Exercise requirements -
Nothing below is to be printed except the lines between the line holding "Apache Software Foundation</em>" and the line holding "in writing, software</em>", inclusive, each exactly as it appears.

Material provided -

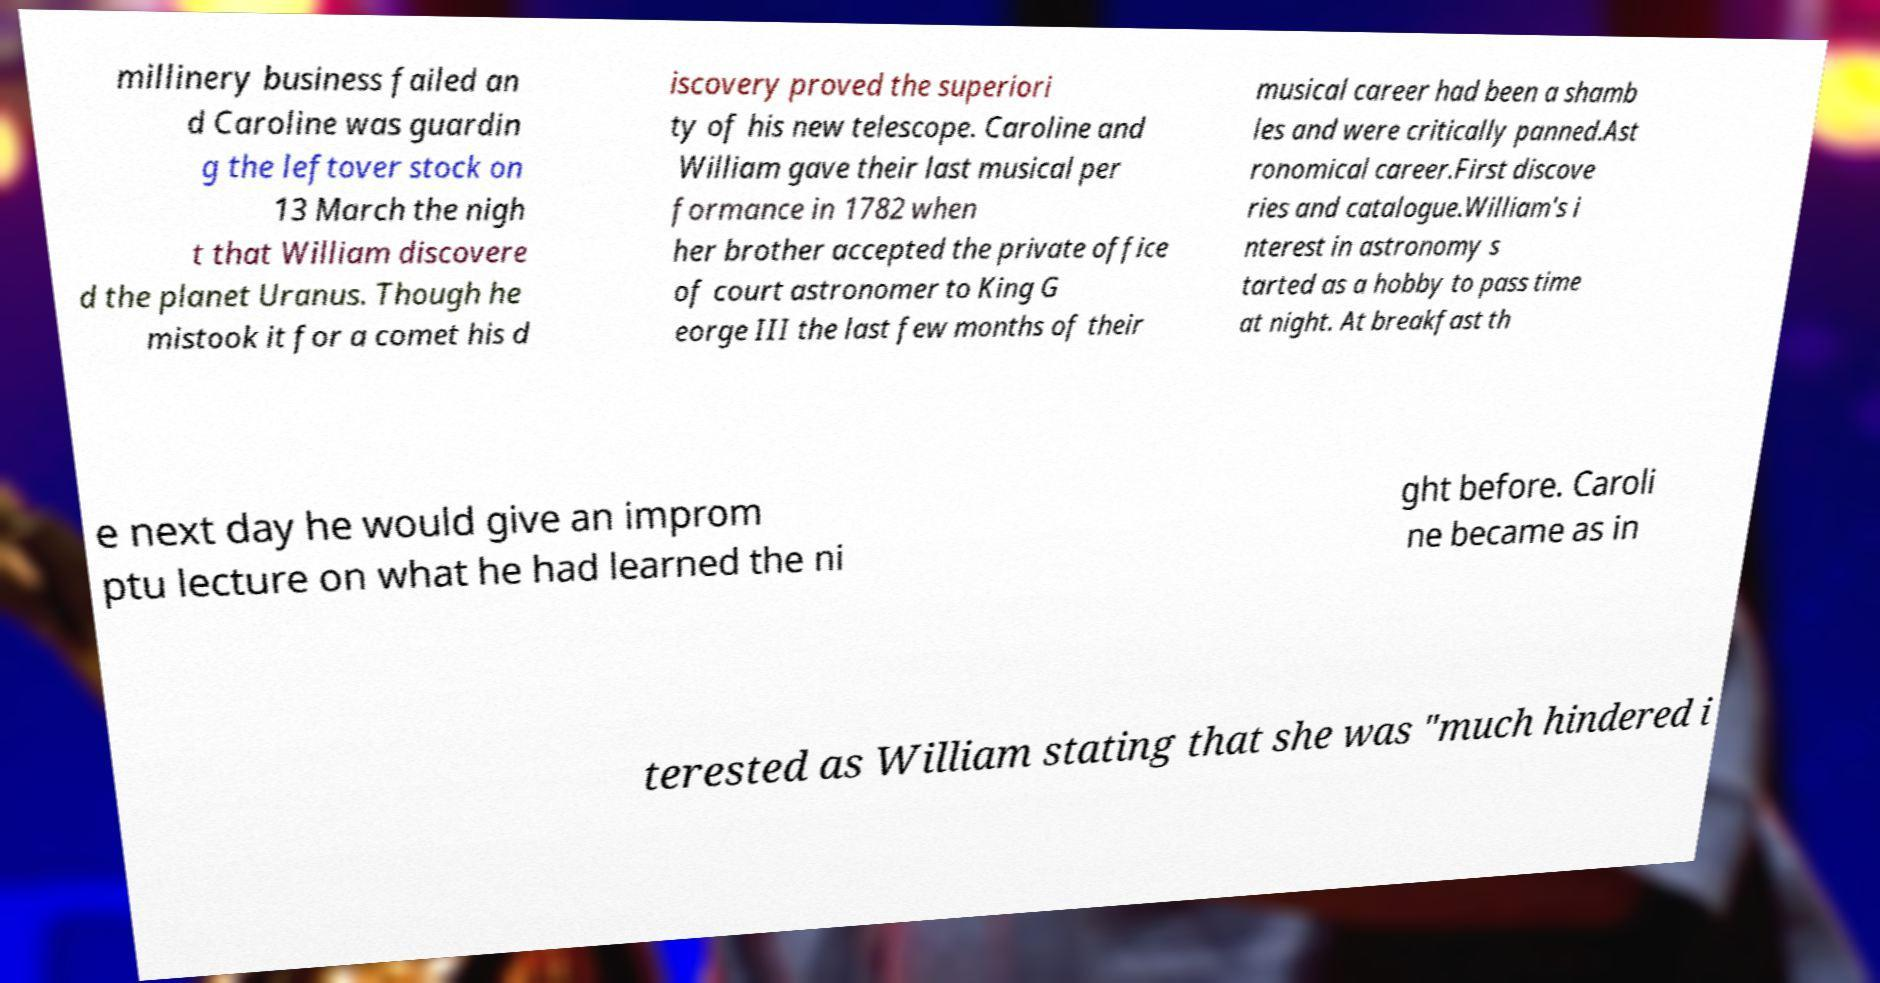For documentation purposes, I need the text within this image transcribed. Could you provide that? millinery business failed an d Caroline was guardin g the leftover stock on 13 March the nigh t that William discovere d the planet Uranus. Though he mistook it for a comet his d iscovery proved the superiori ty of his new telescope. Caroline and William gave their last musical per formance in 1782 when her brother accepted the private office of court astronomer to King G eorge III the last few months of their musical career had been a shamb les and were critically panned.Ast ronomical career.First discove ries and catalogue.William's i nterest in astronomy s tarted as a hobby to pass time at night. At breakfast th e next day he would give an improm ptu lecture on what he had learned the ni ght before. Caroli ne became as in terested as William stating that she was "much hindered i 
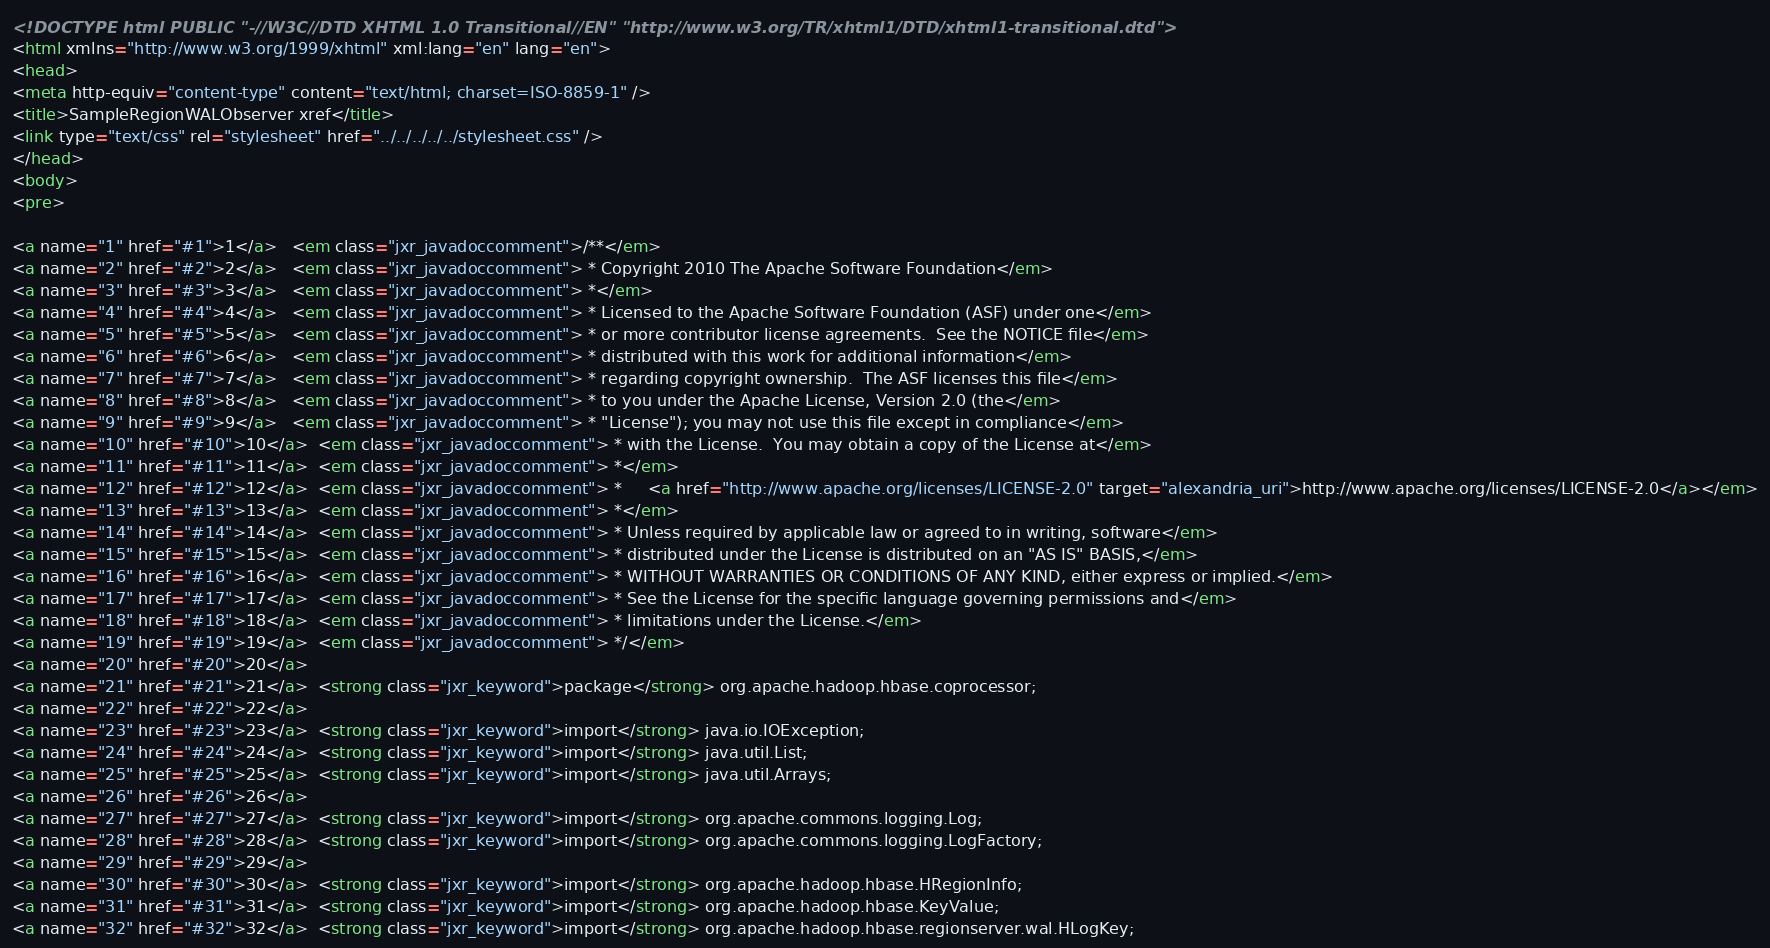<code> <loc_0><loc_0><loc_500><loc_500><_HTML_><!DOCTYPE html PUBLIC "-//W3C//DTD XHTML 1.0 Transitional//EN" "http://www.w3.org/TR/xhtml1/DTD/xhtml1-transitional.dtd">
<html xmlns="http://www.w3.org/1999/xhtml" xml:lang="en" lang="en">
<head>
<meta http-equiv="content-type" content="text/html; charset=ISO-8859-1" />
<title>SampleRegionWALObserver xref</title>
<link type="text/css" rel="stylesheet" href="../../../../../stylesheet.css" />
</head>
<body>
<pre>

<a name="1" href="#1">1</a>   <em class="jxr_javadoccomment">/**</em>
<a name="2" href="#2">2</a>   <em class="jxr_javadoccomment"> * Copyright 2010 The Apache Software Foundation</em>
<a name="3" href="#3">3</a>   <em class="jxr_javadoccomment"> *</em>
<a name="4" href="#4">4</a>   <em class="jxr_javadoccomment"> * Licensed to the Apache Software Foundation (ASF) under one</em>
<a name="5" href="#5">5</a>   <em class="jxr_javadoccomment"> * or more contributor license agreements.  See the NOTICE file</em>
<a name="6" href="#6">6</a>   <em class="jxr_javadoccomment"> * distributed with this work for additional information</em>
<a name="7" href="#7">7</a>   <em class="jxr_javadoccomment"> * regarding copyright ownership.  The ASF licenses this file</em>
<a name="8" href="#8">8</a>   <em class="jxr_javadoccomment"> * to you under the Apache License, Version 2.0 (the</em>
<a name="9" href="#9">9</a>   <em class="jxr_javadoccomment"> * "License"); you may not use this file except in compliance</em>
<a name="10" href="#10">10</a>  <em class="jxr_javadoccomment"> * with the License.  You may obtain a copy of the License at</em>
<a name="11" href="#11">11</a>  <em class="jxr_javadoccomment"> *</em>
<a name="12" href="#12">12</a>  <em class="jxr_javadoccomment"> *     <a href="http://www.apache.org/licenses/LICENSE-2.0" target="alexandria_uri">http://www.apache.org/licenses/LICENSE-2.0</a></em>
<a name="13" href="#13">13</a>  <em class="jxr_javadoccomment"> *</em>
<a name="14" href="#14">14</a>  <em class="jxr_javadoccomment"> * Unless required by applicable law or agreed to in writing, software</em>
<a name="15" href="#15">15</a>  <em class="jxr_javadoccomment"> * distributed under the License is distributed on an "AS IS" BASIS,</em>
<a name="16" href="#16">16</a>  <em class="jxr_javadoccomment"> * WITHOUT WARRANTIES OR CONDITIONS OF ANY KIND, either express or implied.</em>
<a name="17" href="#17">17</a>  <em class="jxr_javadoccomment"> * See the License for the specific language governing permissions and</em>
<a name="18" href="#18">18</a>  <em class="jxr_javadoccomment"> * limitations under the License.</em>
<a name="19" href="#19">19</a>  <em class="jxr_javadoccomment"> */</em>
<a name="20" href="#20">20</a>  
<a name="21" href="#21">21</a>  <strong class="jxr_keyword">package</strong> org.apache.hadoop.hbase.coprocessor;
<a name="22" href="#22">22</a>  
<a name="23" href="#23">23</a>  <strong class="jxr_keyword">import</strong> java.io.IOException;
<a name="24" href="#24">24</a>  <strong class="jxr_keyword">import</strong> java.util.List;
<a name="25" href="#25">25</a>  <strong class="jxr_keyword">import</strong> java.util.Arrays;
<a name="26" href="#26">26</a>  
<a name="27" href="#27">27</a>  <strong class="jxr_keyword">import</strong> org.apache.commons.logging.Log;
<a name="28" href="#28">28</a>  <strong class="jxr_keyword">import</strong> org.apache.commons.logging.LogFactory;
<a name="29" href="#29">29</a>  
<a name="30" href="#30">30</a>  <strong class="jxr_keyword">import</strong> org.apache.hadoop.hbase.HRegionInfo;
<a name="31" href="#31">31</a>  <strong class="jxr_keyword">import</strong> org.apache.hadoop.hbase.KeyValue;
<a name="32" href="#32">32</a>  <strong class="jxr_keyword">import</strong> org.apache.hadoop.hbase.regionserver.wal.HLogKey;</code> 
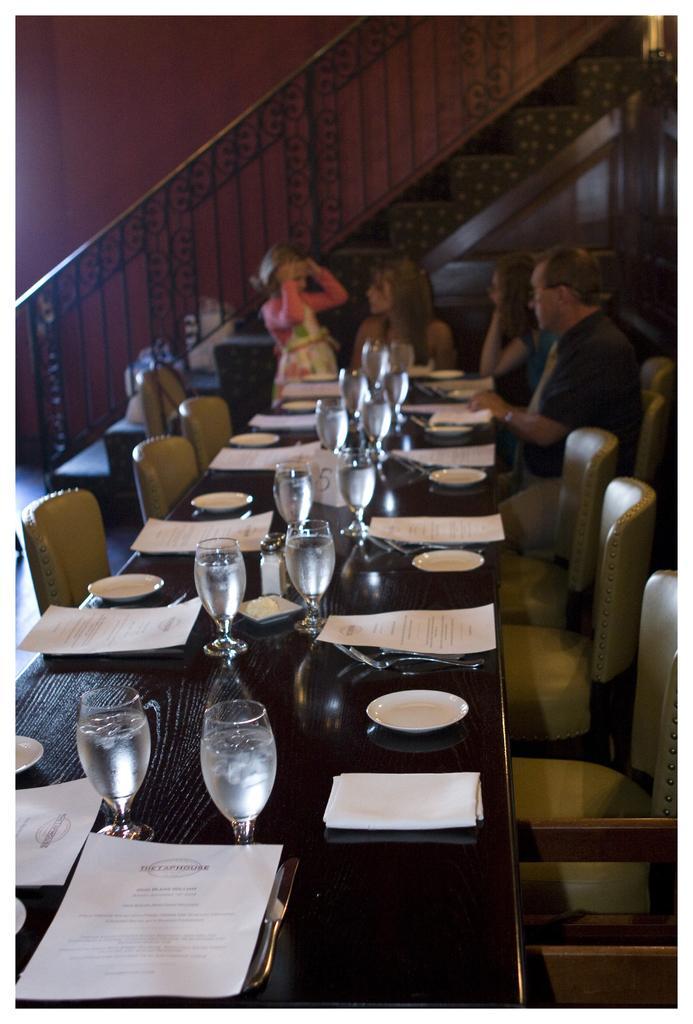How would you summarize this image in a sentence or two? In this picture we can see some persons are sitting on the chairs. This is table. On the table there are glasses, plates, and papers. On the background there is a wall.

Answer for the task -
<a name="2" href="#2">2</a>   <em class="jxr_javadoccomment"> * Copyright 2010 The Apache Software Foundation</em>
<a name="3" href="#3">3</a>   <em class="jxr_javadoccomment"> *</em>
<a name="4" href="#4">4</a>   <em class="jxr_javadoccomment"> * Licensed to the Apache Software Foundation (ASF) under one</em>
<a name="5" href="#5">5</a>   <em class="jxr_javadoccomment"> * or more contributor license agreements.  See the NOTICE file</em>
<a name="6" href="#6">6</a>   <em class="jxr_javadoccomment"> * distributed with this work for additional information</em>
<a name="7" href="#7">7</a>   <em class="jxr_javadoccomment"> * regarding copyright ownership.  The ASF licenses this file</em>
<a name="8" href="#8">8</a>   <em class="jxr_javadoccomment"> * to you under the Apache License, Version 2.0 (the</em>
<a name="9" href="#9">9</a>   <em class="jxr_javadoccomment"> * "License"); you may not use this file except in compliance</em>
<a name="10" href="#10">10</a>  <em class="jxr_javadoccomment"> * with the License.  You may obtain a copy of the License at</em>
<a name="11" href="#11">11</a>  <em class="jxr_javadoccomment"> *</em>
<a name="12" href="#12">12</a>  <em class="jxr_javadoccomment"> *     <a href="http://www.apache.org/licenses/LICENSE-2.0" target="alexandria_uri">http://www.apache.org/licenses/LICENSE-2.0</a></em>
<a name="13" href="#13">13</a>  <em class="jxr_javadoccomment"> *</em>
<a name="14" href="#14">14</a>  <em class="jxr_javadoccomment"> * Unless required by applicable law or agreed to in writing, software</em>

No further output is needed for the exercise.